Formality of Sinha's cosimplicial model for long knots spaces and the Gerstenhaber algebra structure of homology

TL;DR

This paper proves the formality of Sinha's cosimplicial model for long knots spaces, simplifies the proof of spectral sequence collapse, and establishes a Poisson algebra structure on homology for N > 3.

Contribution

It provides a direct proof of formality for Sinha's cosimplicial space and demonstrates the Poisson algebra structure of the homology of long knots.

Findings

Formality of Sinha's cosimplicial space established

Spectral sequence collapses at page 2 for N > 2

Homology is isomorphic to a Poisson algebra for N > 3

Abstract

Sinha has constructed a cosimplicial space X for a fixed integer N. One of his main result states that for N > 3, X is a cosimplicial model for the space of long knots (modulo immersions).

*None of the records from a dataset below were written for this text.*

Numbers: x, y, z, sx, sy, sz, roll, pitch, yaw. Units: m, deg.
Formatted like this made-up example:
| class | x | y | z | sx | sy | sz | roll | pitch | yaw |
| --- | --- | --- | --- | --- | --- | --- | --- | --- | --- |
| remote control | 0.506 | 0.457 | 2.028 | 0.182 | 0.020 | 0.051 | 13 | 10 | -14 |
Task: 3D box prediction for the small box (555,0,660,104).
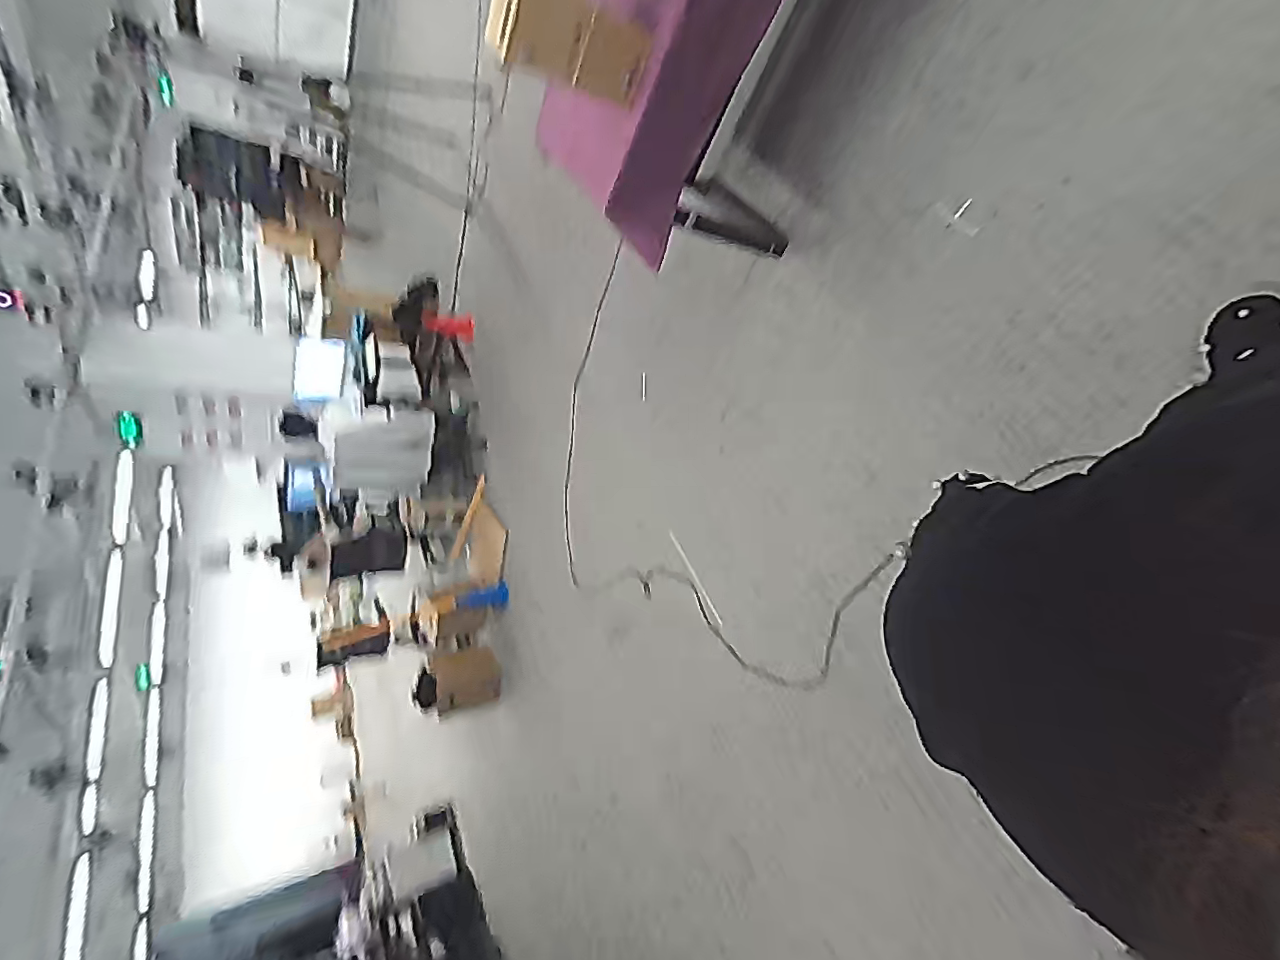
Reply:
| class | x | y | z | sx | sy | sz | roll | pitch | yaw |
| --- | --- | --- | --- | --- | --- | --- | --- | --- | --- |
| small box | -0.082 | -1.059 | 1.321 | 0.179 | 0.176 | 0.168 | 60 | 136 | 31 |
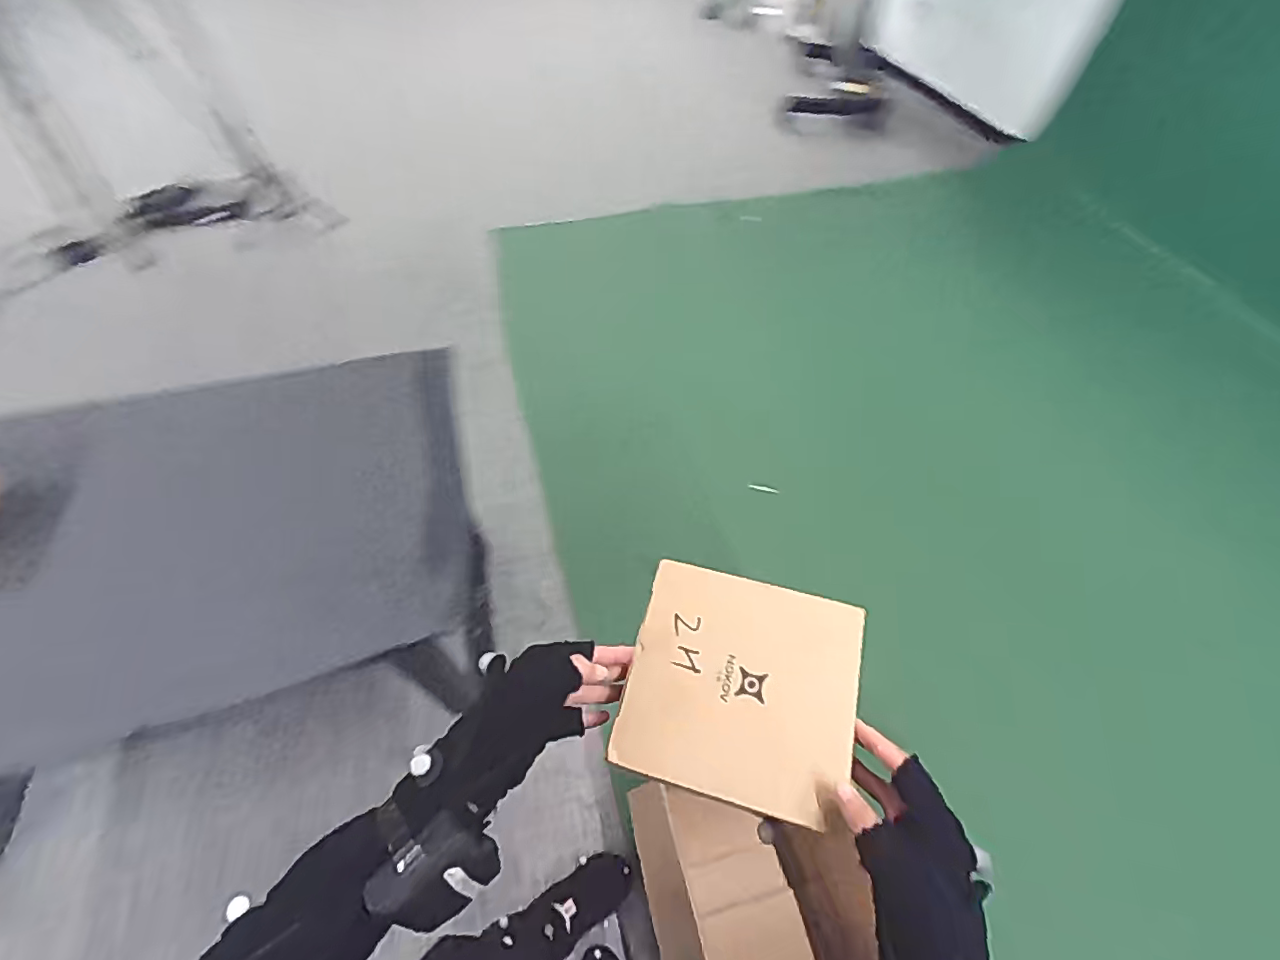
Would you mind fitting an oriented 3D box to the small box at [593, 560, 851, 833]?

On the other hand, Lambrechts, Turchin and Volic showed that for N > 3 the homology Bousfield-Kan spectral sequence associated to Sinha's cosimplicial space collapses at the page 2 rationally. Their approach consists first to prove the formality of some other diagrams approximating X and next deduce the collapsing result. In this paper, we prove directly the formality of Sinha's cosimplicial space and this allows us to construct a very short proof of the collapsing result for N > 2. Moreover, we prove that the isomorphism between the page 2 and the rational homology of the space of long knots modulo immersions is of Poisson algebras, when N > 3.